Unfortunately some of the links in that post are dead / not free.

This paper proves a special case of what you mention, that if all vertices are of even degree in a near-triangulation, then the graph is 3-colorable. The key is that such a graph is eulerian, and therefore has an eulerian trail that doesn't cross over itself. Coloring vertices 1, 2, 3, 1, 2, 3, etc. along this trail is a proper 3-coloring.

For the case when $G$ has odd vertices on its boundary, you can construct a planar Eulerian near-triangulation $H$ such that $G \subset H$ and $H$ is Eulerian.
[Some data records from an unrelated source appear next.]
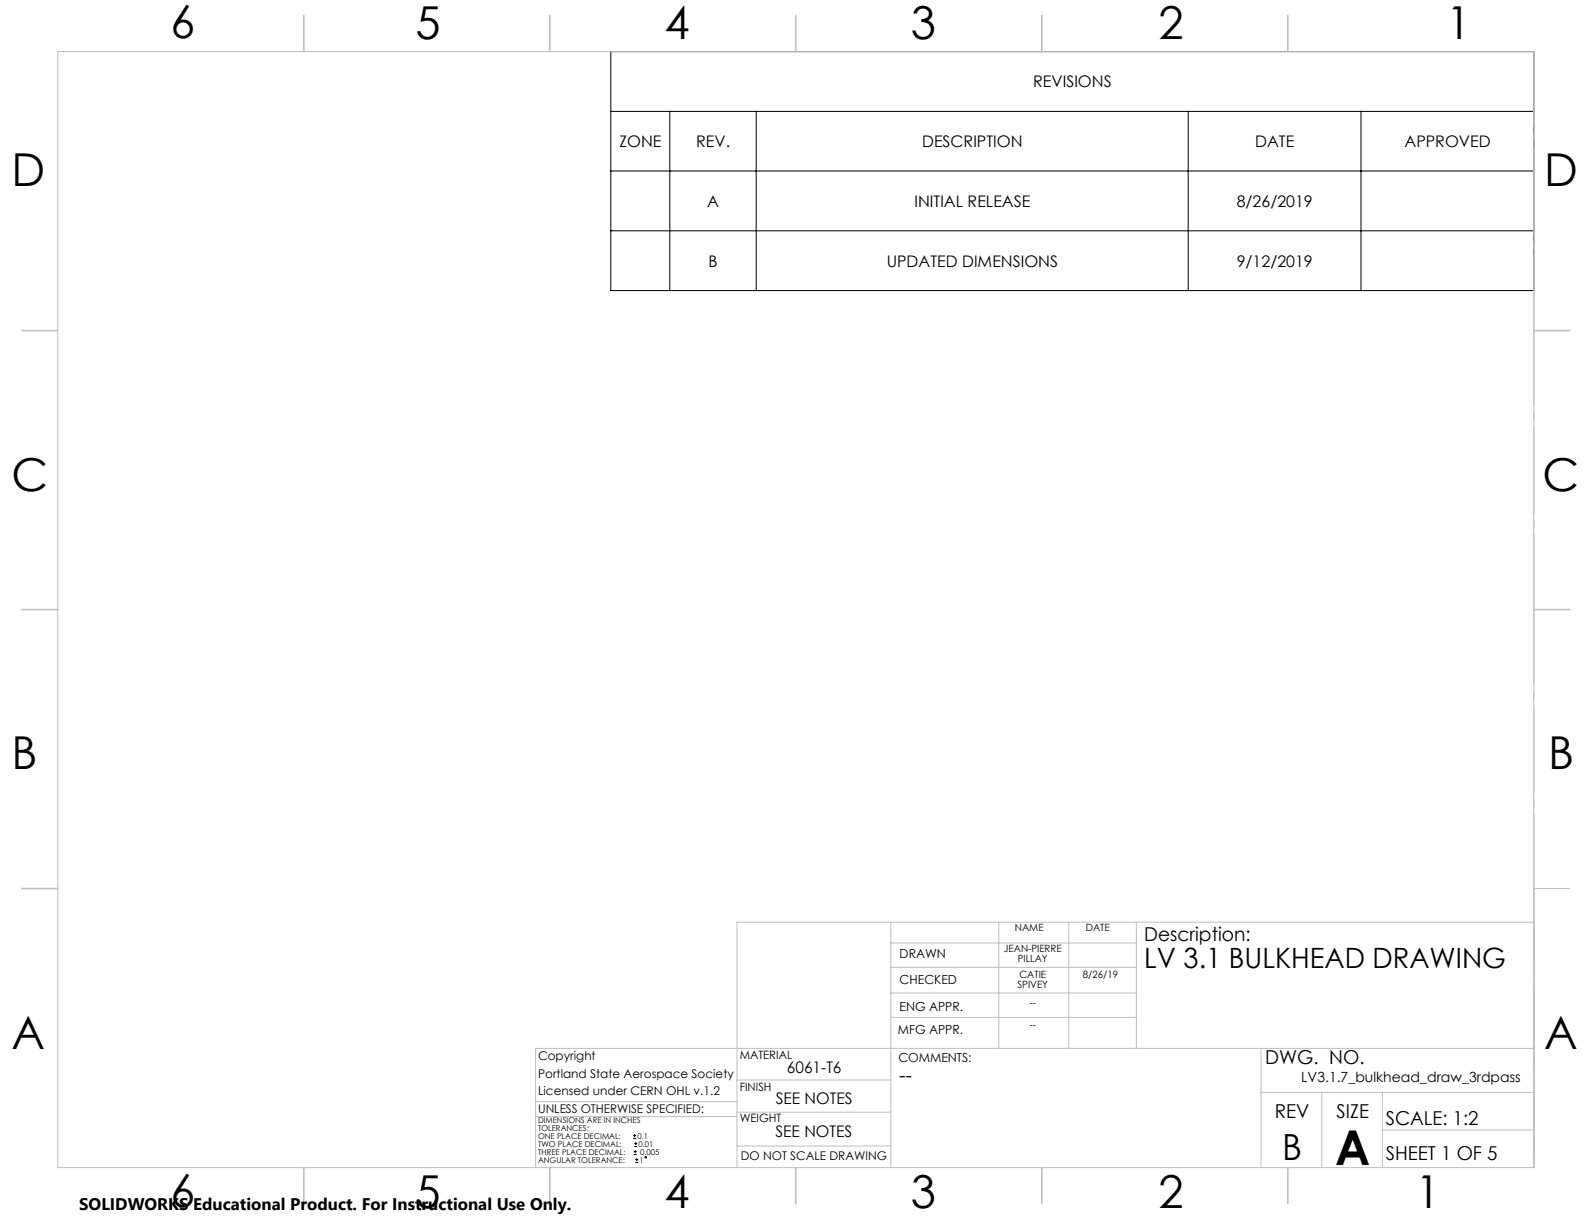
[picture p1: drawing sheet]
<svg xmlns="http://www.w3.org/2000/svg" width="279mm" height="216mm" viewBox="0 0 279 216" stroke-linecap="round" stroke-linejoin="round" font-family="sans-serif">
<defs><g id="words">
<text font-size="8.5" x="235.5" y="205.4">A</text>
<g font-size="8">
<text x="30.1" y="6.8">6</text>
<text x="73.3" y="6.9">5</text>
<text x="117.2" y="6.9">4</text>
<text x="160.6" y="6.9">3</text>
<text x="204.3" y="6.9">2</text>
<text x="255.1" y="6.9">1</text>
<text x="2.1" y="32.7">D</text>
<text x="272.4" y="32.7">D</text>
<text x="2.1" y="86.5">C</text>
<text x="272.1" y="86.6">C</text>
<text x="2.1" y="135.6">B</text>
<text x="273.1" y="135.6">B</text>
<text x="2.1" y="185.1">A</text>
<text x="272.4" y="185.1">A</text>
<text x="30.1" y="213">6</text>
<text x="73.3" y="213.1">5</text>
<text x="117.2" y="213.1">4</text>
<text x="160.6" y="213.1">3</text>
<text x="204.3" y="213.1">2</text>
<text x="249.7" y="213.1">1</text>
</g>
<text font-size="6.3" x="226.1" y="204.6">B</text>
<text font-size="4.9" x="201.8" y="170.7">LV 3.1 BULKHEAD DRAWING</text>
<text font-size="3.5" x="158.6" y="190.9">--</text>
<g font-size="3.4">
<text x="201.8" y="165.9">Description:</text>
<text x="223.2" y="187.6">DWG. NO.</text>
<text x="224.9" y="197.2">REV</text>
<text x="235.8" y="197.2">SIZE</text>
<text x="244.4" y="198.4">SCALE: 1:2</text>
<text x="244.4" y="204.6">SHEET 1 OF 5</text>
</g>
<text font-size="3" x="14" y="213.5">SOLIDWORKS Educational Product. For Instructional Use Only.</text>
<g font-size="2.8">
<text x="182.2" y="15.4">REVISIONS</text>
<text x="109.3" y="26">ZONE</text>
<text x="122.8" y="26">REV.</text>
<text x="162.7" y="26">DESCRIPTION</text>
<text x="221.4" y="26">DATE</text>
<text x="247.7" y="26">APPROVED</text>
<text x="124.8" y="36.5">A</text>
<text x="161.3" y="36.5">INITIAL RELEASE</text>
<text x="218.2" y="36.5">8/26/2019</text>
<text x="125" y="47">B</text>
<text x="156.4" y="47">UPDATED DIMENSIONS</text>
<text x="218.2" y="47">9/12/2019</text>
<text x="138.8" y="189.3">6061-T6</text>
<text x="136.8" y="194.8">SEE NOTES</text>
<text x="136.8" y="200.6">SEE NOTES</text>
</g>
<text font-size="2.5" x="229.5" y="190.9">LV3.1.7_bulkhead_draw_3rdpass</text>
<g font-size="2.2">
<text x="158.7" y="169">DRAWN</text>
<text x="158.7" y="173.5">CHECKED</text>
<text x="158.7" y="178.3">ENG APPR.</text>
<text x="158.4" y="182.4">MFG APPR.</text>
<text x="158.5" y="187.4">COMMENTS:</text>
</g>
<g font-size="2.1">
<text x="94.9" y="187">Copyright</text>
<text x="94.9" y="190.1">Portland State Aerospace Society</text>
<text x="94.9" y="196.4">UNLESS OTHERWISE SPECIFIED:</text>
<text x="94.9" y="193.2">Licensed under CERN OHL v.1.2</text>
<text x="130.7" y="204.6">DO NOT SCALE DRAWING</text>
</g>
<g font-size="2">
<text x="130.5" y="186.8">MATERIAL</text>
<text x="130.5" y="192.5">FINISH</text>
<text x="130.5" y="198">WEIGHT</text>
</g>
<g font-size="1.8">
<text x="177.1" y="168">JEAN-PIERRE</text>
<text x="179" y="164.3">NAME</text>
<text x="191.5" y="164.3">DATE</text>
<text x="179.5" y="169.7">PILLAY</text>
<text x="179.8" y="172.6">CATIE</text>
<text x="191" y="172.6">8/26/19</text>
<text x="179.5" y="174.3">SPIVEY</text>
<text x="181.6" y="177.4">--</text>
<text x="181.6" y="181.4">--</text>
</g>
<g font-size="1.4">
<text x="94.9" y="198">DIMENSIONS ARE IN INCHES</text>
<text x="94.9" y="199.4">TOLERANCES:</text>
<text x="94.9" y="200.8">ONE PLACE DECIMAL:</text>
<text x="94.9" y="202.2">TWO PLACE DECIMAL:</text>
<text x="94.9" y="203.6">THREE PLACE DECIMAL:</text>
<text x="112.4" y="200.8">0.1</text>
<text x="112.6" y="202.2">0.01</text>
<text x="112.9" y="203.6">0.005</text>
<text x="94.9" y="205.1">ANGULAR TOLERANCE:</text>
<text x="112.8" y="205.1">1</text>
</g>
</g></defs>
<g fill="none" stroke="#000" stroke-width=".18">
<path d="M107.7 9.1h162.8v42.2h-162.8zM107.7 19.6h162.8M118.1 19.6v31.7M133.4 19.6v31.7M209.6 19.6v31.7M240.1 19.6v31.7M107.7 30.2h162.8M107.7 40.7h162.8M111.7 200.8h.5M111.7 200.3h.5M111.8 203.7h.5M111.8 203.1h.5"/>
<path d="M111.9 202.2h.5M111.9 201.7h.5M111.9 200v.6M112 202.8v.6M112 205.1h.6M112 204.5h.6M112.1 201.4v.6M112.3 204.3v.5"/>
<circle cx="113.9" cy="204.1" r=".14"/>
</g>
<path d="M270.6 9.1v49.2M270.6 58.3v49.2M270.6 107.5v49.2M270.6 156.7v49.2" fill="none" stroke="#c0c0c0" stroke-width=".18" stroke-dasharray="15.2 1.3 1.3 1.3" stroke-dashoffset="2.1"/>
<g fill="none" stroke="#c0c0c0" stroke-width=".18">
<path d="M10.2 9.1h260.3v196.9h-260.3zM270.5 58.3h6.4M270.5 156.7h6.4M157.1 162.7v43.3M157.1 175.2h43.3M157.1 170.6h43.3M157.1 166.3h43.3M157.1 179.5h43.3M176.2 162.7v22.2M188.5 162.7v22.2M200.4 162.7v22.2M94.5 197h35.5"/>
<path d="M94.5 194.3h35.5M130 196.2h27.1M130 190.5h27.1M222.4 184.9v21.1M222.4 192.7h48.1M233.2 192.7v13.3M243.8 199.3h26.7M243.8 192.7v13.3M270.5 184.9h-176v21.1M130 202.1h27.1M270.6 204.5v-41.8h-140.6v43.3"/>
</g>
<g fill="none" stroke="#c0c0c0" stroke-width=".3">
<path d="M53.6 2.8v6.3M97 2.8v6.3M140.4 2.8v6.3M183.8 2.8v6.3M227.2 2.8v6.3M3.8 58.3h6.4M270.5 58.3h6.4M3.8 107.5h6.4M270.5 107.5h6.4M3.8 156.7h6.4M53.6 206v6.3M97 206v6.3"/>
<path d="M140.4 206v6.3M183.8 206v6.3M227.2 206v6.3"/>
</g>
<use href="#words"/>
</svg>

Let $C = v_1v_2\ldots v_x$ and suppose $v_j$ and $v_k$ on $C$ are of odd degree. WLOG $k > j$. Add vertices $u_ju_{j+1}\ldots u_{k-1}$ in the exterior region in the obvious order. Then add the edges $v_iu_i$ and $v_{i+1}u_i$ for $j \le i \le k-1$. Now $u_j$ and $u_{k-1}$ are both of odd degree unless $j = k-1$, but we can repeat this process until these two odd vertices are resolved (since the odd vertices continue to get closer). We now have fewer odd vertices, so repeating this process can make all vertices even.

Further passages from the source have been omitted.